Lavorare 2.0

Cerchi lavoro? Diventa supplente di terza fascia

Le allettanti promesse.

Ci avevano detto che prendere una laurea sarebbe stata una garanzia per il nostro futuro, perché senza un’istruzione adeguata si finisce inesorabilmente con l’essere sfruttati e malpagati«Con un titolo accademico tra le mani, invece, le vie che conducono a un lavoro serio e stabile sono infinite» sostenevano i più.

Gli abbiamo dato retta, perché in fondo lo dicevano per il nostro bene e con cognizione di causa. Tuttavia non potevamo immaginare che quelle parole avessero una data di scadenza (avrebbero dovuto apporvi un’etichetta con scritto “Da tenere in considerazione preferibilmente entro l’anno 2000”). Così ci siamo imbarcati in un corso di studi universitari, investendo tempo e denaro per il proverbiale pezzo di carta da incorniciare e appendere alla parete più in vista di casa. Come a dire:«Sono uno che ha studiato, ecco le prove!».

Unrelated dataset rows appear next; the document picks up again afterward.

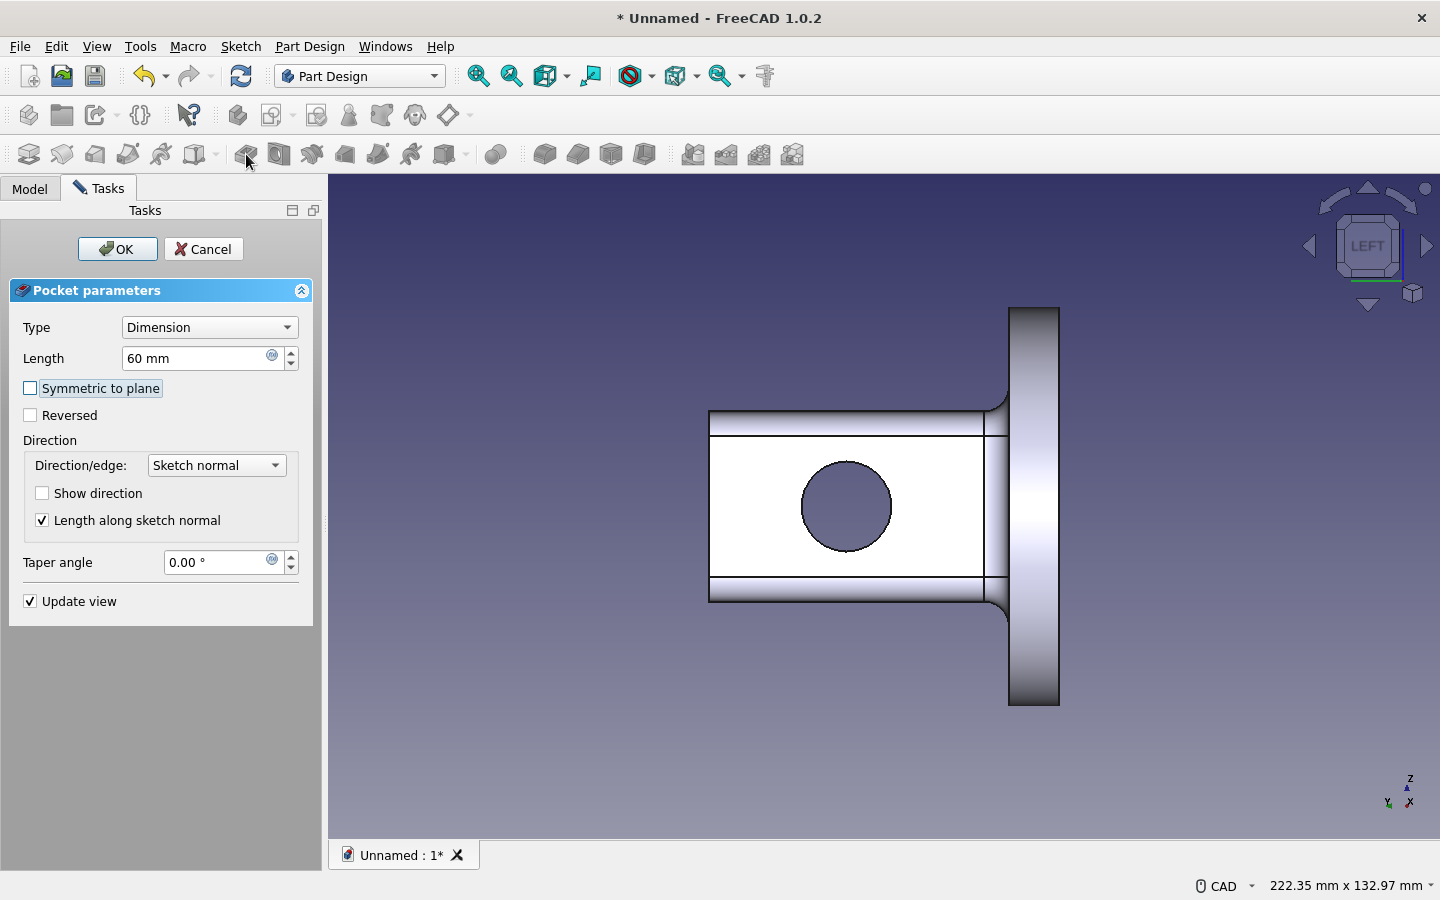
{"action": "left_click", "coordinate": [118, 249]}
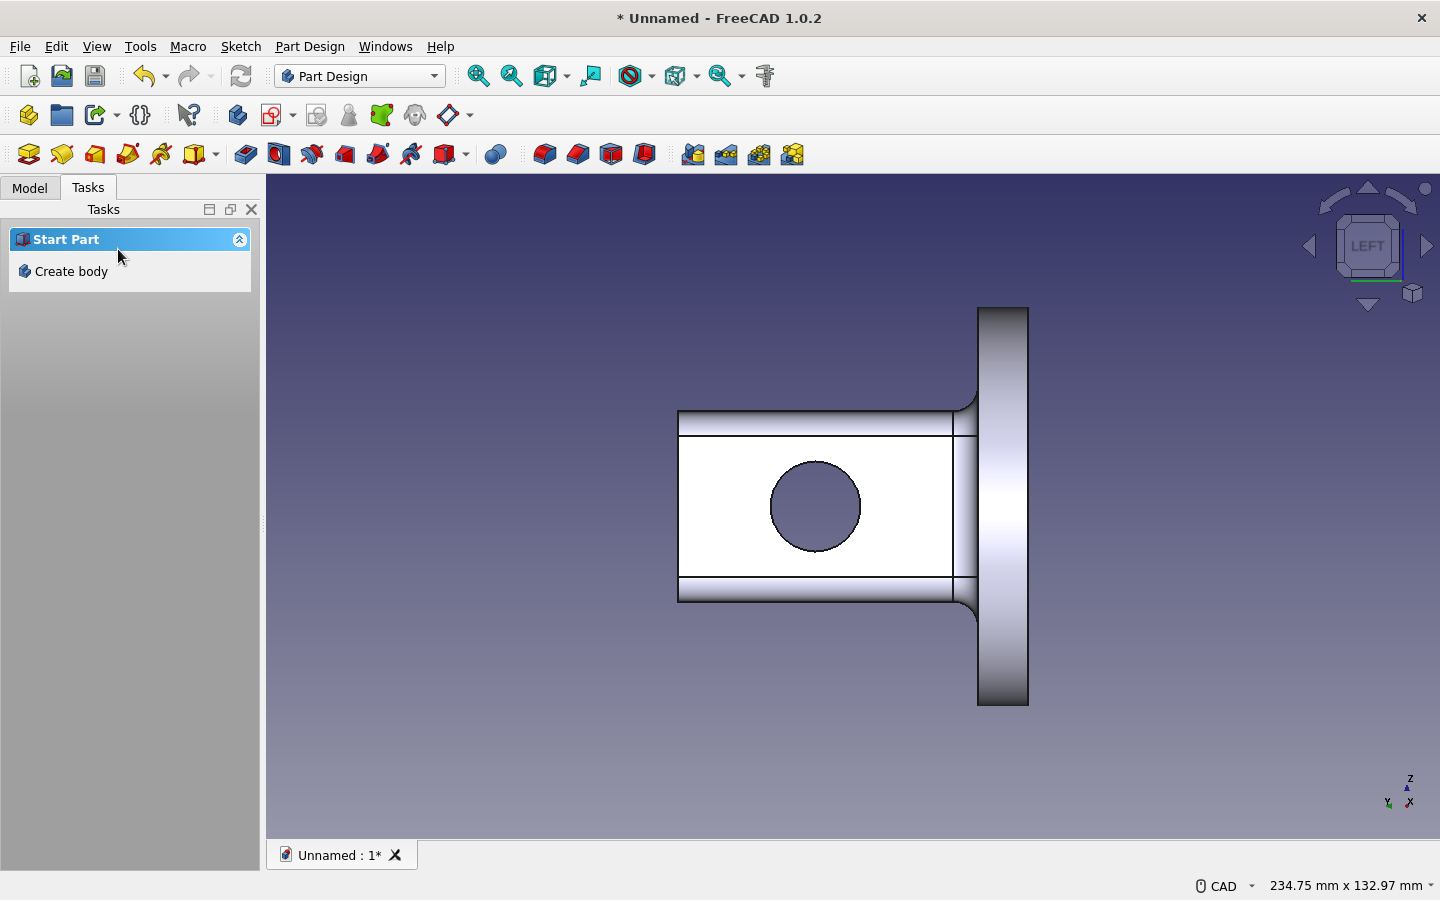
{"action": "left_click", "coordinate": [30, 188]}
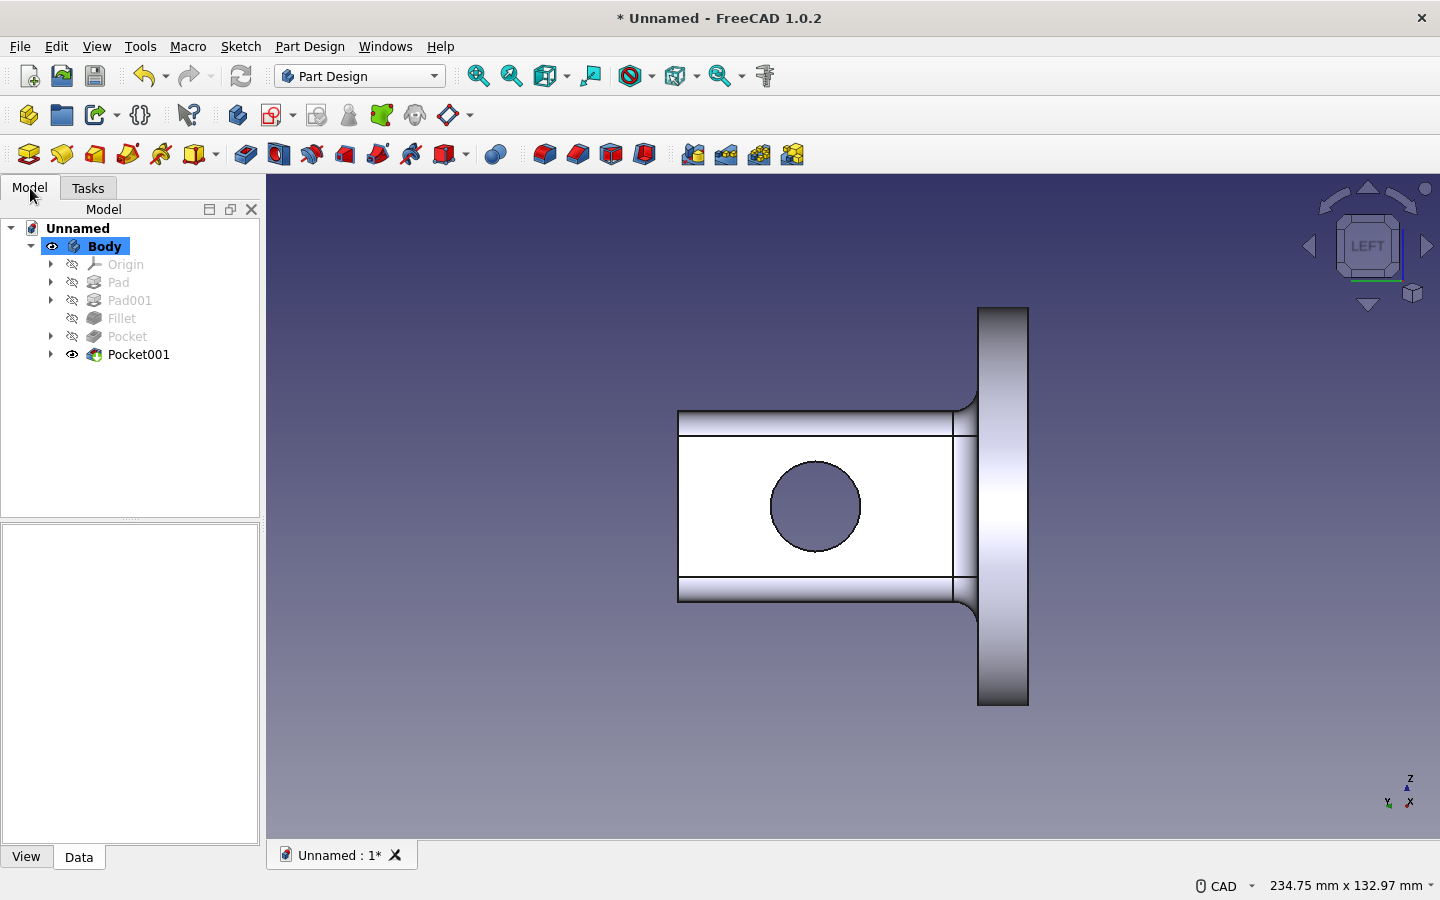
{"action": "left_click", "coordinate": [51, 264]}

C’è anche chi, non contento, ha aggiunto al palmares un dottorato di ricerca, un master o addirittura entrambi, senza contare corsi di specializzazione e abilitazioni varie.
E dopo tanto penare, avrebbe dovuto cominciare la discesa…

Spiacente ma lei è troppo qualificato.

Invece abbiamo sbattuto il muso contro il precariato, entrando nel vortice degli stage non retribuiti, dei co. co. co., dei contratti a progetto e di tutte le forme di schiavismo 2.0 concepibili dalla mente umana. I meno fortunati (circa il 40% dei giovani italiani), poi, hanno dovuto fare direttamente i conti con la disoccupazione.

La necessità di avere uno stipendio ha spinto ingegneri, economisti, biologi e compagnia cantante a candidarsi per posizioni che non richiedono certo anni di studio, ed è lì che ha preso forma un nuovo adagio: “Spiacente ma lei è troppo qualificato per questa mansione”. Un modo cortese per intendere che un laureato non può fare il commesso, poiché alla prima occasione mollerebbe il posto in luogo di una sistemazione migliore, ma soprattutto pretenderebbe un trattamento in linea con la sua qualifica, diversamente dallo sbarbatello fresco (o privo) di diploma.
Oltre al danno, dunque, anche la beffa: non solo non è più vero che un’istruzione universitaria garantisce un lavoro soddisfacente e sicuro, ma è addirittura diventata un ostacolo per la sopravvivenza.

Che fare, dunque?

Poiché è impossibile tornare indietro nel tempo o chiedere a Camera e Senato una sorta d’amnistia per l’estinzione del reato di conseguimento della laurea, molti “colpevoli” hanno pensato di taroccare il proprio curriculum vitae omettendo il titolo di studio e millantando fantomatiche esperienze lavorative in qualità di commesso, cameriere e simili. A quel punto, come per miracolo, le vie d’accesso al lavoro altrimenti negato si sono aperte e siamo ufficialmente entrati nell’era del “se vuoi mangiare, non azzardarti a studiare”.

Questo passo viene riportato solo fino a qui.